The heart-throb actor co-stars with Amy Adams as plucky reporter Lois Lane and Australian Russell Crowe as his other-worldly father Jor-El in the $225 million film.
Co-stars Amy Adams and Henry Cavill. AFP
Kevin Costner and Diane Lane play the couple who raise Superman as Clark Kent after he lands in their backyard in a space pod ejected by his real parents from the dying planet Krypton.
Cavill recalled being a Superman fan as a child growing up on Jersey, in the British Channel Islands.
"I was a kid running round the garden with a tea towel round his neck, beating up his brothers and stuff," he told AFP ahead of the film's release in the United States this week and around the world over the rest of June.

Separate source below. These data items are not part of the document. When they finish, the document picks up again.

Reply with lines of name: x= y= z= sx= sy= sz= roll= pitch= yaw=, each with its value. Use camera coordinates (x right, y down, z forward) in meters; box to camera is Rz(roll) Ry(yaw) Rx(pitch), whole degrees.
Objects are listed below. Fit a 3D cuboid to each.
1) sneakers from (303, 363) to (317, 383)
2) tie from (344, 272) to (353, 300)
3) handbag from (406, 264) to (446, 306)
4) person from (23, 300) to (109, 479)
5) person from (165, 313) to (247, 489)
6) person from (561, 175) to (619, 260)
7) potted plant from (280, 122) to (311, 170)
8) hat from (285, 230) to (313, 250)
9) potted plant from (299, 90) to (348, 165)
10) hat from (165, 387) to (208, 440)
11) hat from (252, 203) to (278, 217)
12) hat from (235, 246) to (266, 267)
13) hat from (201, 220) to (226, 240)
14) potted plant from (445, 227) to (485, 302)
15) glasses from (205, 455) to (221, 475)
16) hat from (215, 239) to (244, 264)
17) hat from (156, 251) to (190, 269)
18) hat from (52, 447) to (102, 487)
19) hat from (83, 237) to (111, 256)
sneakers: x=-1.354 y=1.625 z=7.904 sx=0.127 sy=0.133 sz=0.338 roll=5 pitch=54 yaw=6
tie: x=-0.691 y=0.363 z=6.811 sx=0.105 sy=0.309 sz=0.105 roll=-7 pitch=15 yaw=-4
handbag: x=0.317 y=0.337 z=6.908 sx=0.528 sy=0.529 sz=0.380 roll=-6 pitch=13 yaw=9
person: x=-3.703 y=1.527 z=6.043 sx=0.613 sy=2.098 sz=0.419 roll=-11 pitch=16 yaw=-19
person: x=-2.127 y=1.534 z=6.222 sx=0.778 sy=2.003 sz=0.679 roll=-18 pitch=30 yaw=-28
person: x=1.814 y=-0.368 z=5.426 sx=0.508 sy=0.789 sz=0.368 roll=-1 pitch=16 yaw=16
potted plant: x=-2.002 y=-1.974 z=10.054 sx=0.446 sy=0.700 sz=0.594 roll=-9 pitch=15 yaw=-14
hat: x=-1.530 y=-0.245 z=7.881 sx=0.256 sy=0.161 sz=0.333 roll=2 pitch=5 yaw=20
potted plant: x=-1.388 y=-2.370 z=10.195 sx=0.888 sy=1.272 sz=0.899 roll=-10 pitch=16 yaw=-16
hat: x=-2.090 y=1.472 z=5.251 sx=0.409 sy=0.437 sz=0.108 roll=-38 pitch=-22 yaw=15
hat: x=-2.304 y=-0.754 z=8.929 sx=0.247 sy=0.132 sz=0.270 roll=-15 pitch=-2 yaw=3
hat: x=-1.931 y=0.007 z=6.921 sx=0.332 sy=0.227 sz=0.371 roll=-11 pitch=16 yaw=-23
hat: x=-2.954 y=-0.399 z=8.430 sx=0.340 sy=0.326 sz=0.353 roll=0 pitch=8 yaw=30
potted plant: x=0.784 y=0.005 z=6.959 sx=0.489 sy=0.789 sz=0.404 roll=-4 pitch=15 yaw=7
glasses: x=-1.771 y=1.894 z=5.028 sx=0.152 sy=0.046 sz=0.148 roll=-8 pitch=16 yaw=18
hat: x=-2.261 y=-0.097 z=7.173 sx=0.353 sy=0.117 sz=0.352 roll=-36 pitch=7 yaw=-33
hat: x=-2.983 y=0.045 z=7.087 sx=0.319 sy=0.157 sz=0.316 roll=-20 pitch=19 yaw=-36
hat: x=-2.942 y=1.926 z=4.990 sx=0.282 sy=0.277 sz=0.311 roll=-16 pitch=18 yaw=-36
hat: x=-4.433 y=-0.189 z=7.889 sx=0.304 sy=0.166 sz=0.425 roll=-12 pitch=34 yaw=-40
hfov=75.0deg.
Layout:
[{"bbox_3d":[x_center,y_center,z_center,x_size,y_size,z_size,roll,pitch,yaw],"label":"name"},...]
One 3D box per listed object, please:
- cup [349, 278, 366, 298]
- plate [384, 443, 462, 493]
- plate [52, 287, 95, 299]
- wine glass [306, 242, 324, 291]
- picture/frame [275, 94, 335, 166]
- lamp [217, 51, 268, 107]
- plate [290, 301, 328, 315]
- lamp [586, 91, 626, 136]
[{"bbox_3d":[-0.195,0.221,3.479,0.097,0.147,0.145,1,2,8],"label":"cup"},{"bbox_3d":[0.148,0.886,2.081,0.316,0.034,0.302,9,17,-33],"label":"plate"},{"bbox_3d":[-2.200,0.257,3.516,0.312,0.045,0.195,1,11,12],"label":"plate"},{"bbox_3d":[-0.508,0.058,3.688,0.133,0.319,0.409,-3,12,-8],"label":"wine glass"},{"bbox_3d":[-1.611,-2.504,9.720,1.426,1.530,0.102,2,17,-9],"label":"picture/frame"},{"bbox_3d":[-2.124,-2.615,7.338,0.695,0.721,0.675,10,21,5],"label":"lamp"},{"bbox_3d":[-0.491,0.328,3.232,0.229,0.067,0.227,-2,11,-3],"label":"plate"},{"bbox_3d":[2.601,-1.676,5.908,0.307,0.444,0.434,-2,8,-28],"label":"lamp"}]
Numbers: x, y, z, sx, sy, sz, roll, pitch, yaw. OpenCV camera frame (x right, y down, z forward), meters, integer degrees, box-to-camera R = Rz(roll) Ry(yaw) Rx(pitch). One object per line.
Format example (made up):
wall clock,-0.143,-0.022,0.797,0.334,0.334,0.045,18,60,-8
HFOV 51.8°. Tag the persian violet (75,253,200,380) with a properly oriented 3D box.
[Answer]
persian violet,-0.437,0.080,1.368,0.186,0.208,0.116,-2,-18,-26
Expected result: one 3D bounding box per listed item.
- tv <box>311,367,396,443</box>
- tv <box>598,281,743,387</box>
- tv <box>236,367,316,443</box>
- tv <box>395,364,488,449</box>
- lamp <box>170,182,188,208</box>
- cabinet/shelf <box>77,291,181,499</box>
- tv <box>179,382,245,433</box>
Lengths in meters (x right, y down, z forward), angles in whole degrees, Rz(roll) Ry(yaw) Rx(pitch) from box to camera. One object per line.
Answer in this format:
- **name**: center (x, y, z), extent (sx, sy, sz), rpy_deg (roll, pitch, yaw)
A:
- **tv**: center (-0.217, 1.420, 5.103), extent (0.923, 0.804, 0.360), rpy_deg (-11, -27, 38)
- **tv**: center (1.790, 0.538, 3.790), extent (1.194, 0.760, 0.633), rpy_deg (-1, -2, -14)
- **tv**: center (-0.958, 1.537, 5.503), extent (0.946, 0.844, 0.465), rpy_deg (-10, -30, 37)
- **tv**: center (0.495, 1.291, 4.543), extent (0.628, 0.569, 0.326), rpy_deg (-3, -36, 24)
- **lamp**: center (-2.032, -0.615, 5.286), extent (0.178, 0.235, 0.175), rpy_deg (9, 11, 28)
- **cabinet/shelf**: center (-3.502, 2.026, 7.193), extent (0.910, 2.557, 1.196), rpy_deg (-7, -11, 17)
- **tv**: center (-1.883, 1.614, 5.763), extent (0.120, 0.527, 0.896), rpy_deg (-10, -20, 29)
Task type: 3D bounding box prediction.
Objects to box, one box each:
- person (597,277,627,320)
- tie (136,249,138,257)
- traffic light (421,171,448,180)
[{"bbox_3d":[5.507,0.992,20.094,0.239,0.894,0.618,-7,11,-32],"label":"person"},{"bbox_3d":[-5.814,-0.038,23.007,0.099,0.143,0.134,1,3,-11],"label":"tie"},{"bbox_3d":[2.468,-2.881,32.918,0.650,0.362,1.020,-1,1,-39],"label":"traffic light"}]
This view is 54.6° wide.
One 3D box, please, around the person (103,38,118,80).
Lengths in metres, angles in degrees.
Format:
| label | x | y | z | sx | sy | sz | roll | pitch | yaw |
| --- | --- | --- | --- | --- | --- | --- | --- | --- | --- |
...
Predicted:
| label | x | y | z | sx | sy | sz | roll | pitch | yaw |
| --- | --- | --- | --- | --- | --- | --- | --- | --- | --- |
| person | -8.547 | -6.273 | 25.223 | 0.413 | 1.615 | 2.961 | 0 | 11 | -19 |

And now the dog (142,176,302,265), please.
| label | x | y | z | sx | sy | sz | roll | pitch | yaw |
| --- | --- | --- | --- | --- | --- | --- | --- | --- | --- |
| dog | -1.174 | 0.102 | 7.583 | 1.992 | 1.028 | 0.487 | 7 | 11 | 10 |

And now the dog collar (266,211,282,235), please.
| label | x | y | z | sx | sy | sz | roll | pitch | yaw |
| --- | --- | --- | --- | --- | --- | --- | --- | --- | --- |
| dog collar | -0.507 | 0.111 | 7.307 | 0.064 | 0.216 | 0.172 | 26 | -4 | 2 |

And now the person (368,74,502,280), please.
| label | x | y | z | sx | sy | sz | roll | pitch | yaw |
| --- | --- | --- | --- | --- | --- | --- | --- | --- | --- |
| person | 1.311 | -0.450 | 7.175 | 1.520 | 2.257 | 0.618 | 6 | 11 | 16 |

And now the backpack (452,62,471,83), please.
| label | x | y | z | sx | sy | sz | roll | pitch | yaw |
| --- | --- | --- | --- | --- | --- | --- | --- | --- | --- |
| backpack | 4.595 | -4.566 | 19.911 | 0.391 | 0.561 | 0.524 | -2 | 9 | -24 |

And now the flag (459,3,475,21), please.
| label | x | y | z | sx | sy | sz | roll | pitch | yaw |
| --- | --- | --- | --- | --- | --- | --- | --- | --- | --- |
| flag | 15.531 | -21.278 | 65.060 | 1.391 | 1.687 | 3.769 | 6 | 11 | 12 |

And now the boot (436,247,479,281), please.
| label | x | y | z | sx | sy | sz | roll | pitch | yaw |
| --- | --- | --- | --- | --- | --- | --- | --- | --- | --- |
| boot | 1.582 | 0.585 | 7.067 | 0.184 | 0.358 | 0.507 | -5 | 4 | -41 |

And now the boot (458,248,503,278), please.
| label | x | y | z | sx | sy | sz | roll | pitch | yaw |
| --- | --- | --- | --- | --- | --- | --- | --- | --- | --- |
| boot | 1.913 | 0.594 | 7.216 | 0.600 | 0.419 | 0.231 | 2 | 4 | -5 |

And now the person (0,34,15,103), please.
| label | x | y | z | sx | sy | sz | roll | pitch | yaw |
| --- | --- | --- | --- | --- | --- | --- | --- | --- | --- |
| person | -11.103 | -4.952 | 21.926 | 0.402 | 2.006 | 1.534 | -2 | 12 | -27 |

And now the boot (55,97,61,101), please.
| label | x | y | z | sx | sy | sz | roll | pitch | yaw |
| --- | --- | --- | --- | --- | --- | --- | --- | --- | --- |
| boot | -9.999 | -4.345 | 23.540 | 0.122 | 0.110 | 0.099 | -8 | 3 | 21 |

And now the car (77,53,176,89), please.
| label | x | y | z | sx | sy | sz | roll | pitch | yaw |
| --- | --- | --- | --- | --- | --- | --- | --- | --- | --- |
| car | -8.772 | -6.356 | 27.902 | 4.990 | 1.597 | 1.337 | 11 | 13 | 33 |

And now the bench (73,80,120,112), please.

The 30-year-old was once dubbed "the most unlucky man in Hollywood" after losing out to Daniel Craig to become James Bond in 2005, and just failing to be cast in 2006's "Superman Returns".
But he finally got the call from seasoned action/sci-fi director Zach Snyder to play a character famously portrayed by Christopher Reeve in four movies from 1978 to 1987, before he was paralysed in a horse-riding accident.
Preparing for the role involved five months of gruelling physical training and specialised diets to build muscle mass while maintaining a lean physique, fully on display in the movie.
"Throughout the movie we did some fine-tuning, some sculpting, and then one very intense leaning period six weeks during the movie for the shirtless stuff," he said, referring to scenes before he dons the famous Superman suit.
Perfecting the US accent also took weeks of work with a voice coach to transform his English public school vowels into Midwest twang.
His Oscar-nominated co-star Adams, making her first major blockbuster movie, was impressed both with his accent – "it's pretty close to perfect" – and his acting skills.
"He has a physical presence as Superman... but then has this beautiful vulnerability and gentleness to him," she told AFP – while admitting that kissing Superman, near the film's climax, was less fun than some might think.
"People are always so disappointed when they find out the truth (that) kissing scenes are always so technical. But you know, it's all in a day's work, for a working lady," she joked coyly.